• PROBLEM STATEMENT: Every picture should be left out, but the lines below must be repeated exactly.

• SUPPLIED DATA:
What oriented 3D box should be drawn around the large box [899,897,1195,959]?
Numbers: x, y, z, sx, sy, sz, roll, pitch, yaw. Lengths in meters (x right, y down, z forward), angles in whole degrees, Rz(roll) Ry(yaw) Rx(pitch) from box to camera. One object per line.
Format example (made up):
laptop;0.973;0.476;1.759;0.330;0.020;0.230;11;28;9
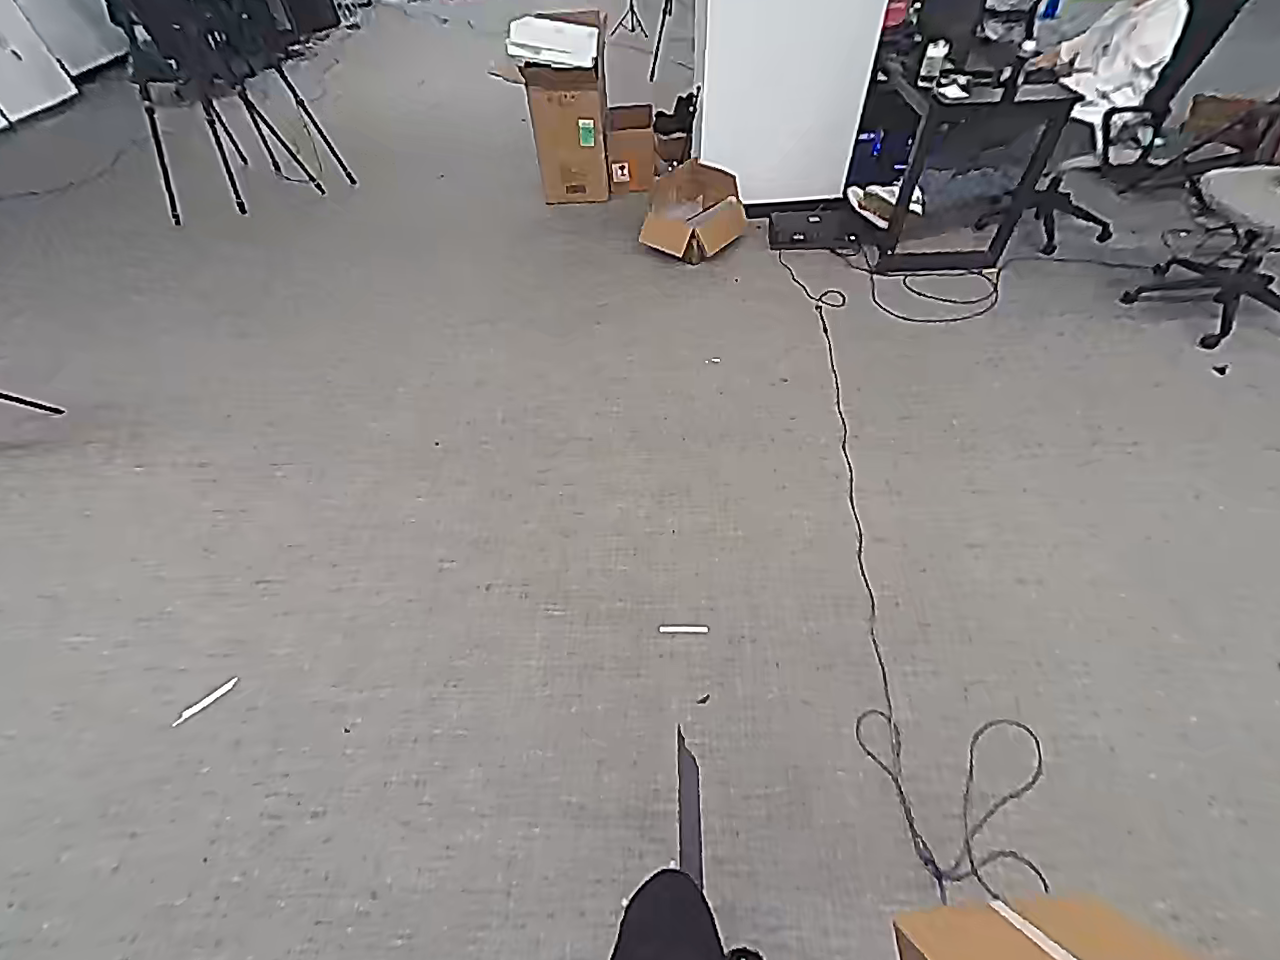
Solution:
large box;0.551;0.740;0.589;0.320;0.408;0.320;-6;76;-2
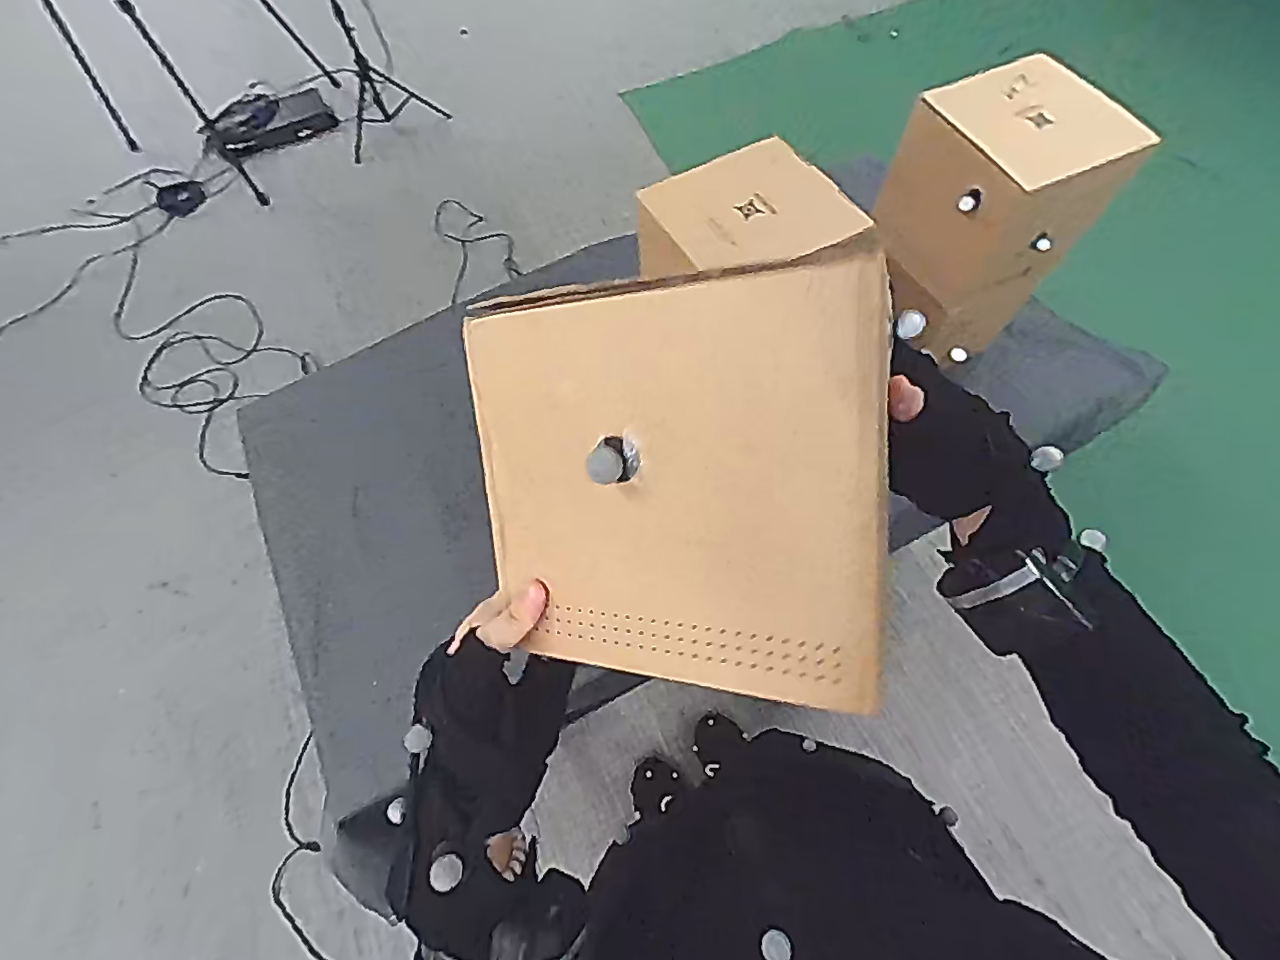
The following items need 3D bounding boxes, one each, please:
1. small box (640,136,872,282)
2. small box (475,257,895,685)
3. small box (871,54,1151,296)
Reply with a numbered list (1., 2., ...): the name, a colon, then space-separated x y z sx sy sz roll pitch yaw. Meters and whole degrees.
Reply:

• PROBLEM SOLUTION:
What oriented 3D box should be drawn around the large box [899,897,1195,959]?
Numbers: x, y, z, sx, sy, sz, roll, pitch, yaw. Lengths in meters (x right, y down, z forward), angles in whole degrees, Rz(roll) Ry(yaw) Rx(pitch) from box to camera. One object per line.
Format example (made up):
laptop;0.973;0.476;1.759;0.330;0.020;0.230;11;28;9
Solution:
large box;0.551;0.740;0.589;0.320;0.408;0.320;-6;76;-2
The following items need 3D bounding boxes, one each, please:
1. small box (640,136,872,282)
2. small box (475,257,895,685)
3. small box (871,54,1151,296)
Reply with a numbered list (1., 2., ...): the name, a colon, then space-separated x y z sx sy sz roll pitch yaw. Meters and whole degrees.
Reply:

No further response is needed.